Let $X$ be a Hausdorff space. Let $x_0,x_1,x_2\in X$ be mutually distinct. For both $i\in 2$ let $[0,1]\xrightarrow[]{A_i}X$ be an arc with $A_i(0)=x_i$ and $A_i(1)=x_{i+1}$. Then there exists an arc $[0,1]\xrightarrow[]{A_2}X$ with $A_2(0)=x_0$ and $A_2(1)=x_2$.

1. What is the weakest separation axiom (known to you) on $X$ other the above-mentioned $\textsf{T}_2$ that makes the above conclusion true, and what are references for/discussions of the significance of, such more general 'arc-composition-theorem'?

Remarks.

• Without mutual distinctness of the points, $x_0=x_2=0\in\mathbb{R}$, $x_1=1$, $X=\mathbb{R}$ and $A_1$ and $A_2$ e.g. the linearly-parametrized arcs, is a counterexample.
• Motivation for this question is working on problems about infinite planar (di)graphs.
• related
• related
• That statement is not always true. For a counterexample, take $X=\mathbb{R}$, $x_0=x_2=0$, $x_1=1$ (wasn't sure what $i \in 2$ means, so I replaced it in my mind with $i \in \{0,1\}$). – Lee Mosher Aug 22 '17 at 15:01
• @LeeMosher: you are right. Thanks for that. Hopefully you agree that the statement is 'morally right'. The problem that you kindly point out is that with my careless definition there is no 'identity arc'. For this strong reason alone, 'arcs' in the usual sense do not form a category. One might speculate that this is why while there is a very standard tool called 'path category', there is no noticeable notion of 'arc category'. I will simply patch the question by requiring the points to be distinct. – Peter Heinig Aug 22 '17 at 15:20

## 1 Answer

I'm afraid I don't know of any references, but I hope the following discussion may nevertheless be helpful to you.
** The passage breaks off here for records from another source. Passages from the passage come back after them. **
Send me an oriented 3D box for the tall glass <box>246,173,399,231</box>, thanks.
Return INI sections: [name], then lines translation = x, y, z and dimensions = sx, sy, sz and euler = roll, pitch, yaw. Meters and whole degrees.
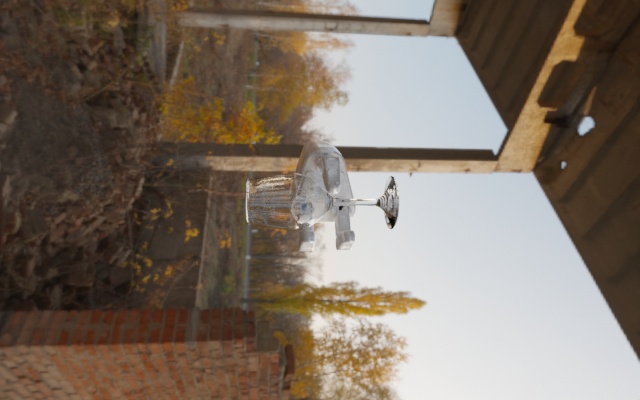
[tall glass]
translation = 0.001, 0.002, 0.653
dimensions = 0.201, 0.079, 0.079
euler = 0, 0, -7
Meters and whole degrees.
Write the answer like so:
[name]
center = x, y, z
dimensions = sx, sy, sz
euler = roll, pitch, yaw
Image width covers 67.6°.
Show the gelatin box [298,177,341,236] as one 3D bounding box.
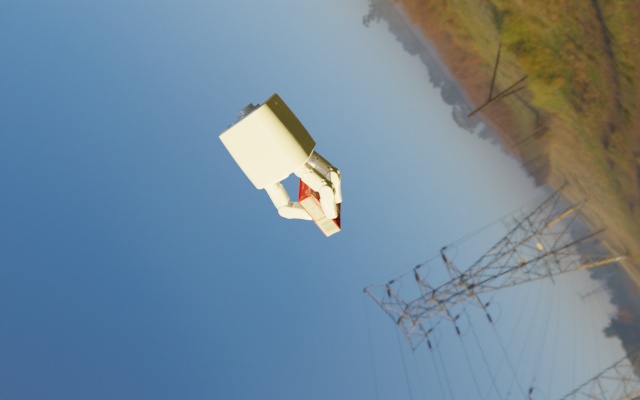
[gelatin box]
center = 0.000, 0.003, 0.783
dimensions = 0.030, 0.089, 0.073
euler = -27, 32, 20
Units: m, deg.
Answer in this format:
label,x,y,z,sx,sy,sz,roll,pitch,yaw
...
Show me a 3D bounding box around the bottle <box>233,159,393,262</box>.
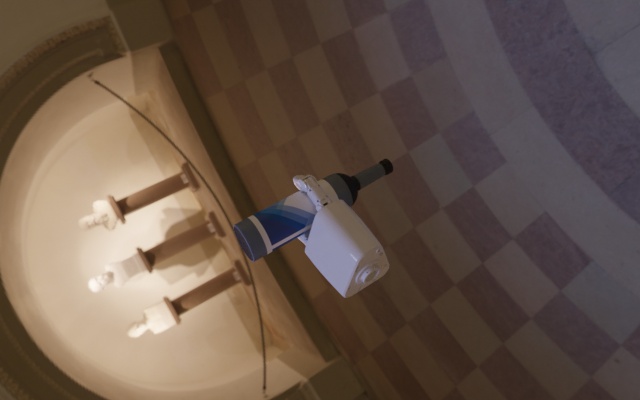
label,x,y,z,sx,sy,sz,roll,pitch,yaw
bottle,0.000,0.003,0.803,0.295,0.069,0.069,-28,10,-20
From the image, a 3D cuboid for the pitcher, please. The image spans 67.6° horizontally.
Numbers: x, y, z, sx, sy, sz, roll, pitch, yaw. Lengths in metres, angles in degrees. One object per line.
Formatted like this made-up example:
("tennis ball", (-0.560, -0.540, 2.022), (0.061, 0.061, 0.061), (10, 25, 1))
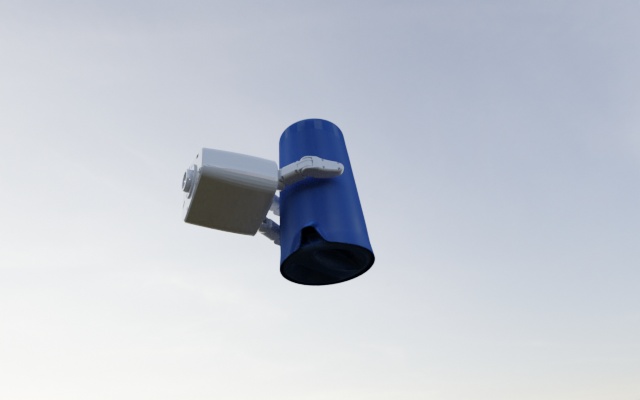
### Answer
("pitcher", (0.000, 0.002, 0.730), (0.145, 0.242, 0.149), (10, -37, -24))
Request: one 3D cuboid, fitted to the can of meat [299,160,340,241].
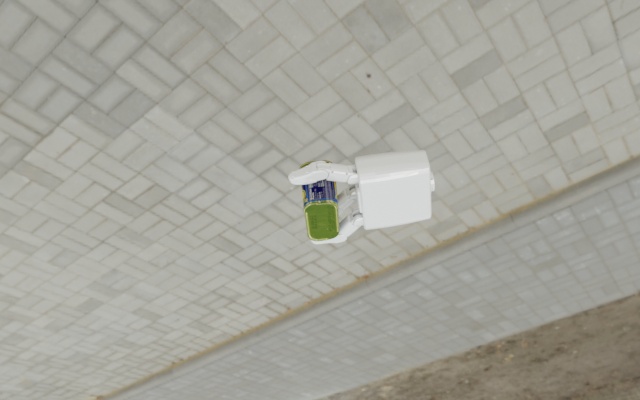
[{"bbox_3d":[0.000,0.003,0.747,0.057,0.083,0.102,-6,-39,0],"label":"can of meat"}]
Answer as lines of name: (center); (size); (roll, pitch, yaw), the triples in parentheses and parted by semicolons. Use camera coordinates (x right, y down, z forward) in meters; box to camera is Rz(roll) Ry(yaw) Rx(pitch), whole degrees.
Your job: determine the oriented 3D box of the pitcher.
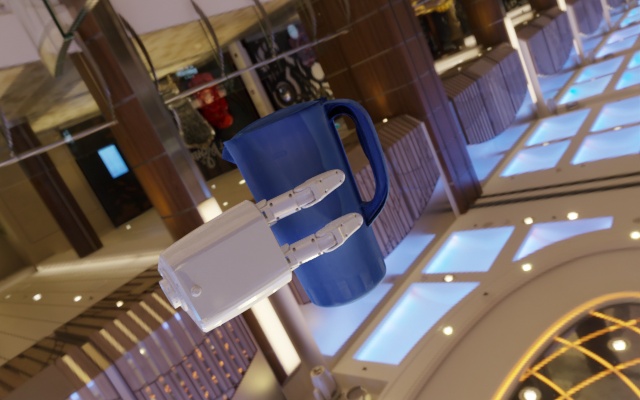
pitcher: (0.000, 0.002, 0.585); (0.145, 0.243, 0.149); (-31, 15, -24)

First, there is a very simple proof of this fact, so simple that I wouldn't be surprised if there is no standard reference. You just truncate $A_0$ at the first point where it crosses $A_1$, and then concatenate the path $A_0$ up to that point with the remainder of $A_1$. In detail: consider the set $$C=\{(s,t)\in [0,1]\times[0,1]:A_0(s)=A_1(t)\}.$$ Since $X$ is Hausdorff, $C$ is closed (it is the inverse image of the diagonal in $X\times X$ under the map $(A_0,A_1)$). Thus $C$ is compact, and so its projection $$D=\{s\in[0,1]:A_0(s)=A_1(t)\text{ for some }t\in [0,1]\}$$ is also compact (and nonempty since $A_0(1)=A_1(0)$). Let $s$ be the least element of $D$, and let $t\in [0,1]$ be such that $A_0(s)=A_1(t)$. Now simply define $A_2$ to be the concatenation of the paths $A_0|_{[0,s]}$ and $A_1|_{[t,1]}$. This path $A_2$ will be injective by minimality of $s$, and is thus an arc since any continuous injection from a compact space to a Hausdorff space is an embedding. Since $x_0\neq x_2$, we have either $s>0$ or $t<1$, so the domain of the concatenation really is a nondegenerate interval and not just a single point.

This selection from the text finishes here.